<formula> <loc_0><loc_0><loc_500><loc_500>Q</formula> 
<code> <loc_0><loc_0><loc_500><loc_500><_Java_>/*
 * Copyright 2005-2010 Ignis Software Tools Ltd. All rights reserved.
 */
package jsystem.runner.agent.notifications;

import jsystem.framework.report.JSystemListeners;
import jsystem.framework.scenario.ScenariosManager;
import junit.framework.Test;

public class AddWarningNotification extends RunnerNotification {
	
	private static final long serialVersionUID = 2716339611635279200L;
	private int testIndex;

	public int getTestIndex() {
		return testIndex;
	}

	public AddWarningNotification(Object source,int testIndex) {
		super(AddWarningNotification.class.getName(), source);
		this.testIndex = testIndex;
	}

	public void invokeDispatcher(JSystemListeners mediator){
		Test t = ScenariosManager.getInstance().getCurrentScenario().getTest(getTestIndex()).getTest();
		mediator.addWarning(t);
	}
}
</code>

============================================================

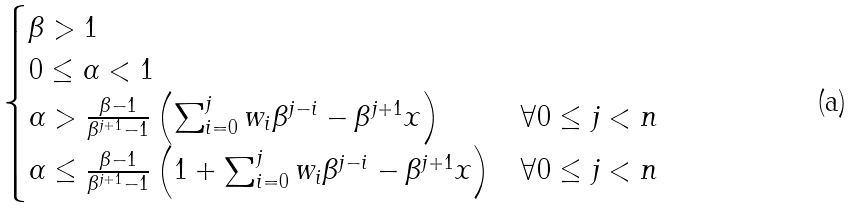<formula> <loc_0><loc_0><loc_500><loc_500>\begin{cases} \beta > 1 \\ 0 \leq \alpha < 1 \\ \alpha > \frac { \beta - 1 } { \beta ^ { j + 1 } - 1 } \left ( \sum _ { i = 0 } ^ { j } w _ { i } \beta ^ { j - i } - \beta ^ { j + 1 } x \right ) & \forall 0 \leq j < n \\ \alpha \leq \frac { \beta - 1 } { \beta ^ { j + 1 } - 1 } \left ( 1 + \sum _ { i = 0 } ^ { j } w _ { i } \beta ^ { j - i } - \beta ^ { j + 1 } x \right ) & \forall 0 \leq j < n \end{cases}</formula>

============================================================

## Exercise details
If a line in the data above holds the string "source", report that line.

## Result
	public AddWarningNotification(Object source,int testIndex) {
		super(AddWarningNotification.class.getName(), source);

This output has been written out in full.